Magistrado ponente  

STP585-2018  

Radicación n.°  96188  

Acta  n.° 17  

Bogotá,  D. C., veinticinco (25) de enero de dos mil dieciocho (2018).  

ASUNTO  

La Sala desata  la impugnación interpuesta por el señor RAFAEL CHARRIS  TORRES, en su condición de accionante, contra el fallo de la  Sala de Casación Laboral de la Corte Suprema de Justicia, de  fecha 25 de octubre de 2017, por medio del cual negó la acción  de tutela impetrada contra el Tribunal Superior del Distrito Judicial  de Barranquilla, Sala de Decisión Laboral, y el Juzgado Doce  Laboral del Circuito de la misma ciudad.  

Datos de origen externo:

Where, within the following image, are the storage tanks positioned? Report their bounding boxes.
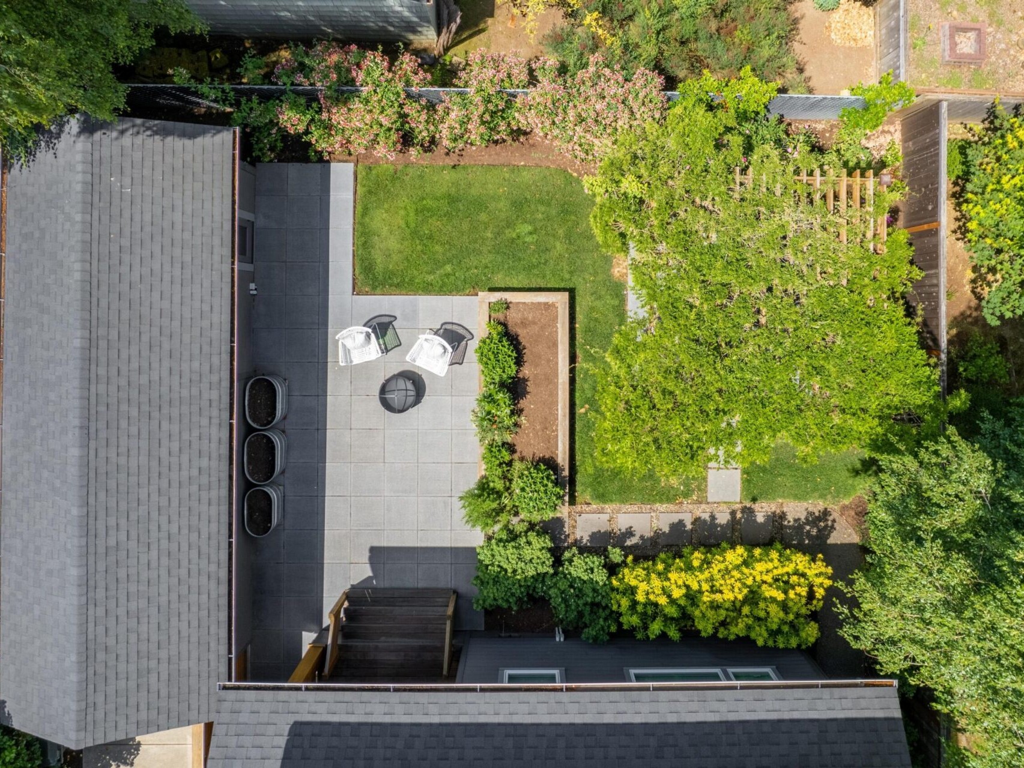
[244,485,284,537]
[244,431,286,484]
[245,376,286,429]
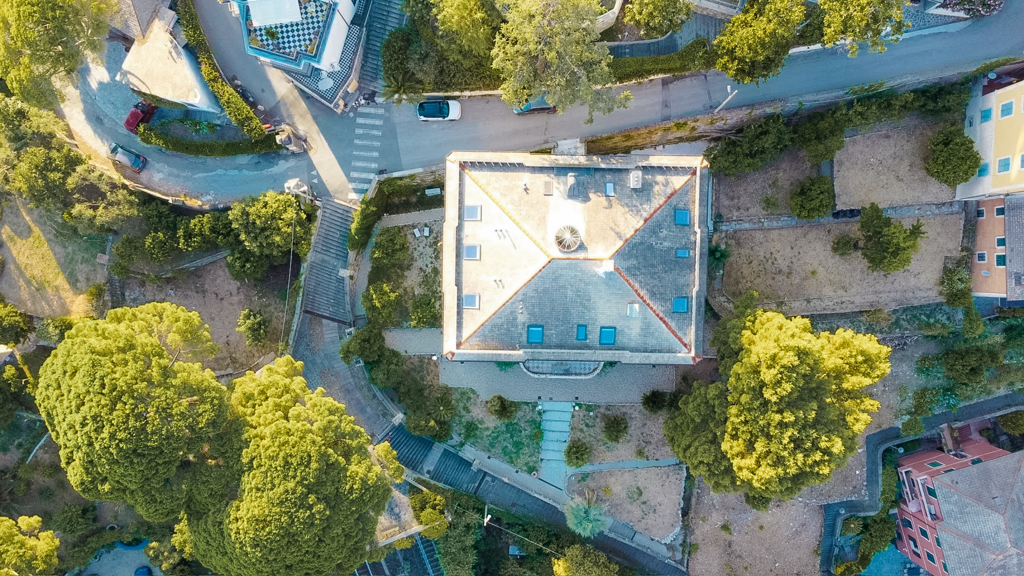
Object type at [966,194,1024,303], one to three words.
house
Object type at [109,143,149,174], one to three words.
car
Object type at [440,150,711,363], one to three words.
house
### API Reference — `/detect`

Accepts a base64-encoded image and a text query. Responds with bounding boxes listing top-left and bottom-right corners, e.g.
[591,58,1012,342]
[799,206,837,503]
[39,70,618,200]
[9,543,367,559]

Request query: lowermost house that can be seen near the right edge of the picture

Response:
[898,438,1024,576]
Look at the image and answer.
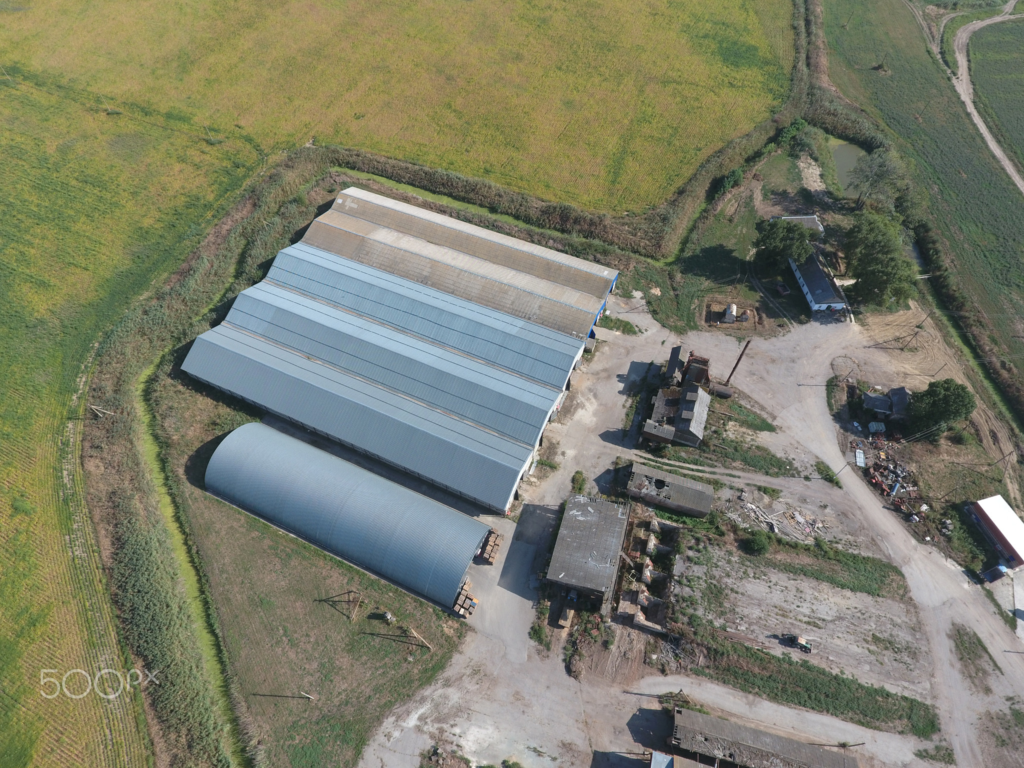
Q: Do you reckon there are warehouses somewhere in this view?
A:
Yes
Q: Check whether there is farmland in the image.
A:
Yes
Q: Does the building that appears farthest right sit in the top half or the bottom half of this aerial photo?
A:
bottom
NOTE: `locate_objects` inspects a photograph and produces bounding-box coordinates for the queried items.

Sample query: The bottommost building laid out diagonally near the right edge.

[968,495,1024,567]
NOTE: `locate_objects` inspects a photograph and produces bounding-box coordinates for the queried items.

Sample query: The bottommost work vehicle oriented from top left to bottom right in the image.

[782,631,814,655]
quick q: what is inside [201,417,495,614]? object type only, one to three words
hangar
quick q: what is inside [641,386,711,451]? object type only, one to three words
building
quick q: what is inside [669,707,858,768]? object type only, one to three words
shed
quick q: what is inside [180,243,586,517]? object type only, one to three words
warehouse

FUNDAMENTOS DE LA  SOLICITUD  

El 10 de  octubre de 2017, RAFAEL CHARRIS TORRES promovió acción  de tutela contra el Tribunal Superior del Distrito Judicial de  Barranquilla, Sala de Decisión Laboral, y el Juzgado Doce  Laboral del Circuito de dicha ciudad, con el fin de obtener el amparo  de sus derechos fundamentales al debido proceso, de igualdad, a la  seguridad social, de acceso a la administración de justicia,  entre otros, los que estimó conculcados con providencias  judiciales emitidas en las siguientes circunstancias:  

1. El Instituto  de Seguros Sociales -ISS-, mediante la resolución n.°  003628 del 28 de marzo de 2007, le reconoció la pensión  por vejez, como beneficiario del régimen de transición.  

2. Ante el no  reconocimiento de incrementos a su pensión por personas a  cargo, esto es, del 7% por su hijo discapacitado, John Fredy Charris  Reales, y del 14% por su cónyuge, Gloria María Reales  de Charris, instauró demanda ordinaria laboral contra  COLPENSIONES, previo agotamiento de la vía gubernativa.  

3. El proceso  fue fallado por el Juzgado Doce Laboral del Circuito de Barranquilla  el 19 de abril de 2016, en el sentido de absolver a COLPENSIONES de  todas las pretensiones incoadas en la demanda.  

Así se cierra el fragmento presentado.